ASSIGNED TASK: Return only the lines from the top of the material through the line marked by "What would each", unaltered.

====== RECORDS SHOWN ======

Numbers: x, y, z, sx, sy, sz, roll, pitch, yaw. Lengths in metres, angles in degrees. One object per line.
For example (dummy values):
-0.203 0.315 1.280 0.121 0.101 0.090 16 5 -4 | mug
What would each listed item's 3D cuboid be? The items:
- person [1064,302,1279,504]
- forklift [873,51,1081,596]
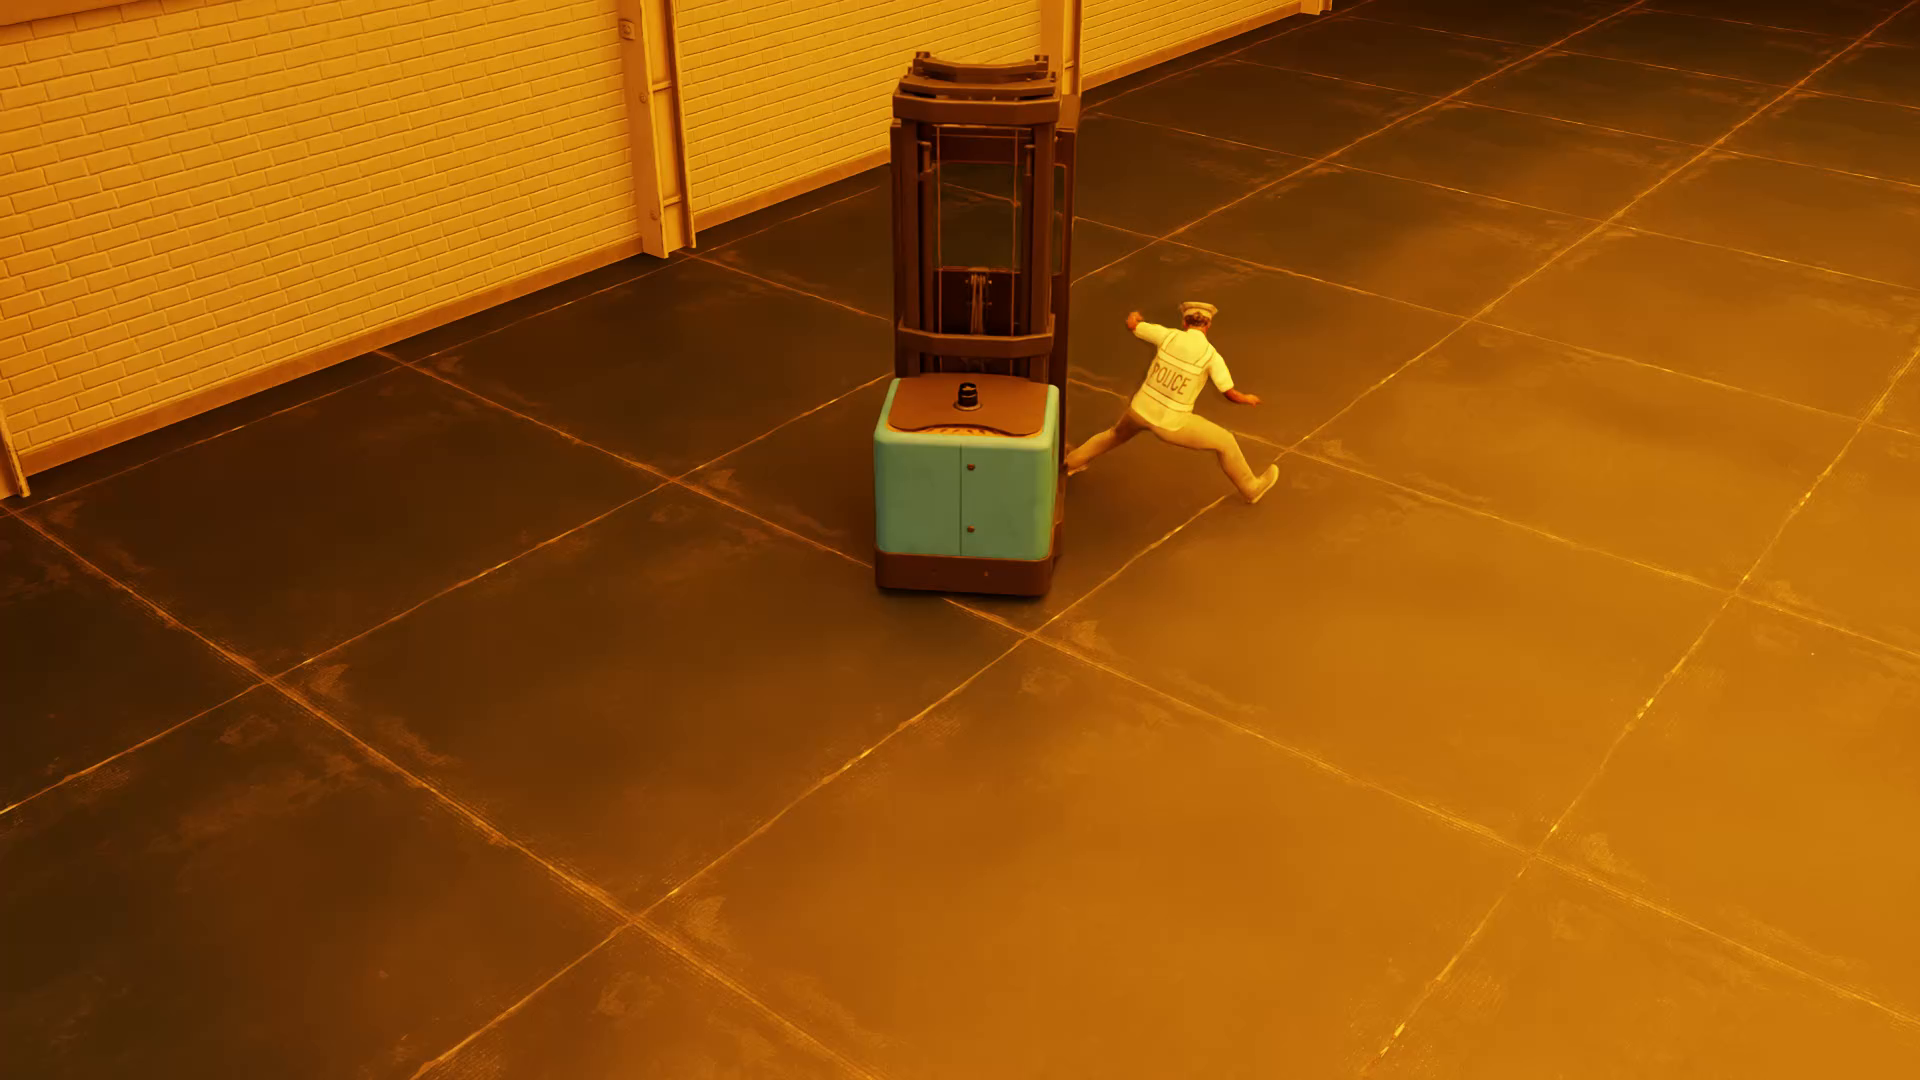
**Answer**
1.374 -0.913 10.740 1.287 1.340 0.793 24 38 35 | person
0.161 -1.655 10.427 1.130 2.935 3.031 3 30 5 | forklift
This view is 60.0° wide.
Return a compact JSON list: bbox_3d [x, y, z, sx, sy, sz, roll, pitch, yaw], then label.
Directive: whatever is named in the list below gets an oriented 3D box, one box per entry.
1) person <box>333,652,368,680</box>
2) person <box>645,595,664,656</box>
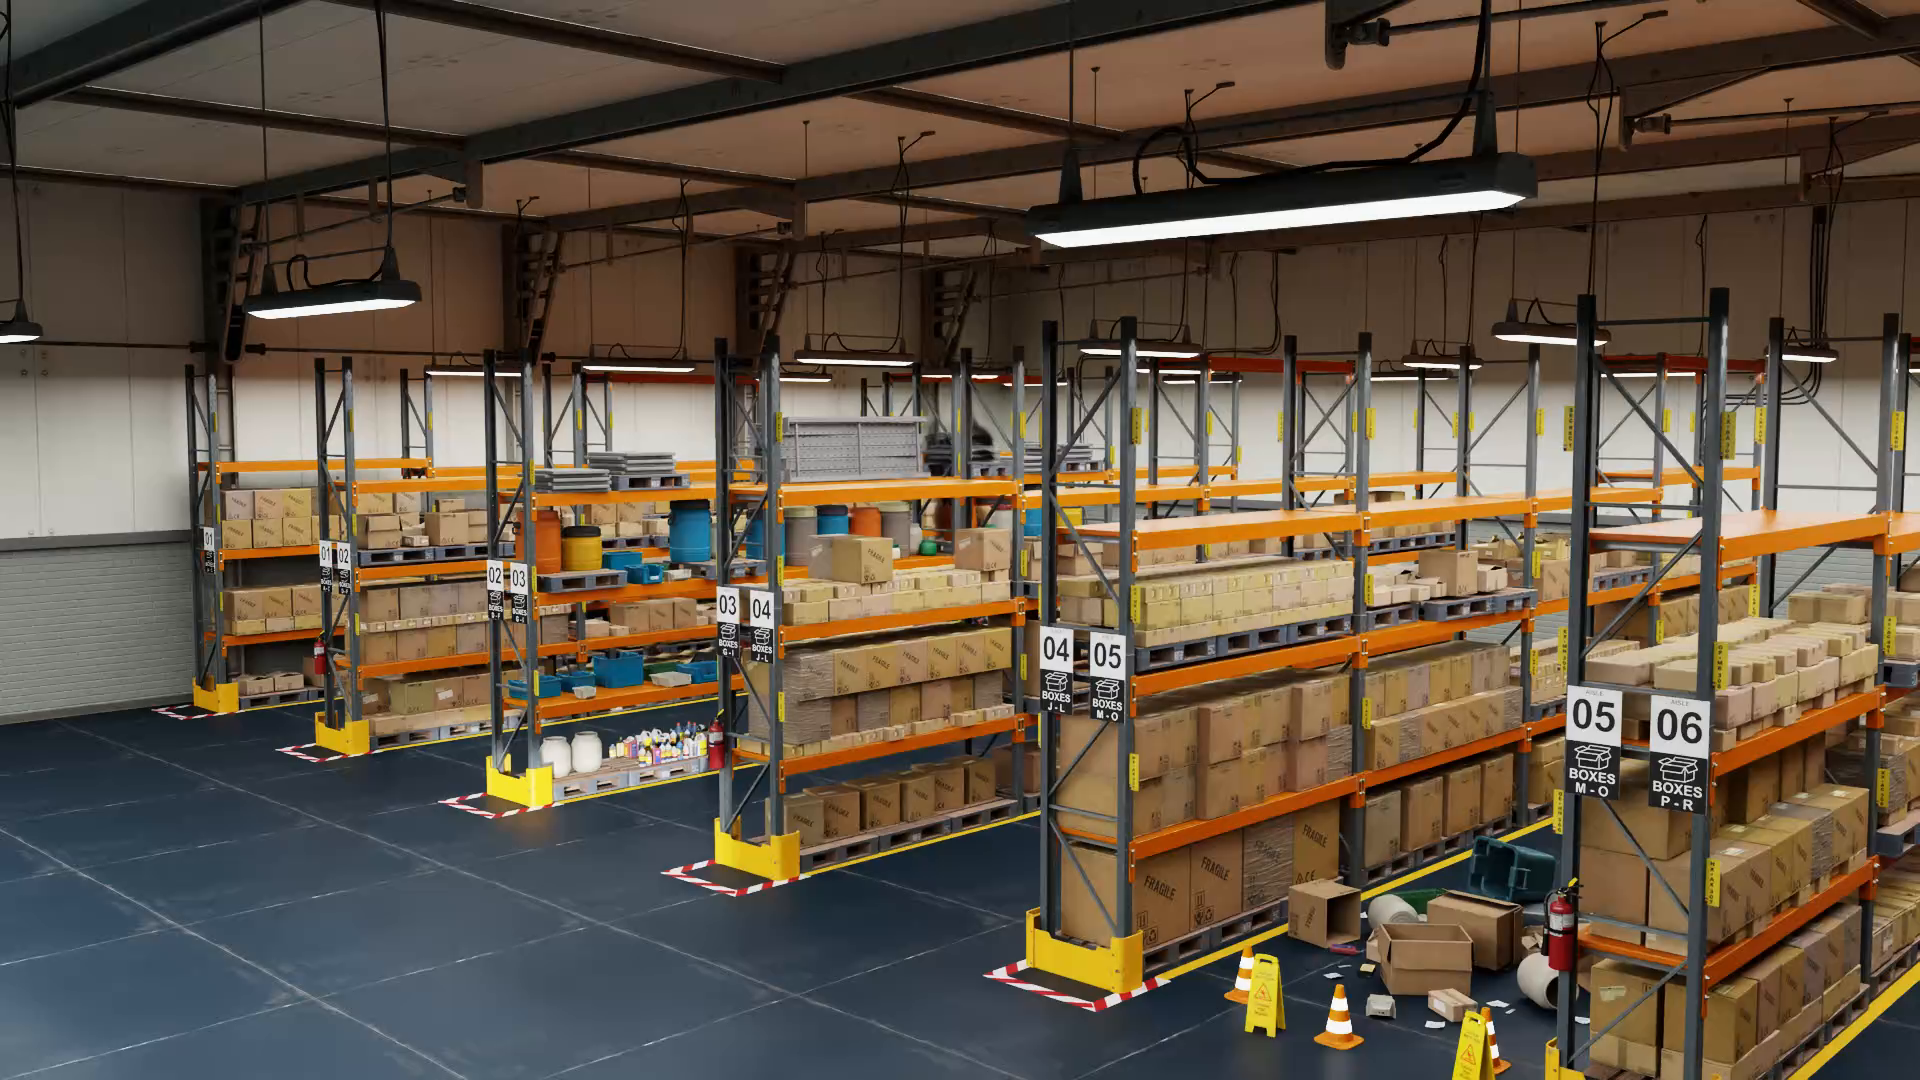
[{"bbox_3d":[-9.970,2.150,27.623,0.852,1.749,0.678,-4,6,-44],"label":"person"},{"bbox_3d":[-6.070,1.789,32.743,0.658,1.734,0.955,3,5,37],"label":"person"}]

======

WORKED SOLUTION:
Numbers: x, y, z, sx, sy, sz, roll, pitch, yaw. Lengths in metres, angles in degrees. One object per line.
For example (dummy values):
-0.203 0.315 1.280 0.121 0.101 0.090 16 5 -4 | mug
What would each listed item's 3D cuboid be? The items:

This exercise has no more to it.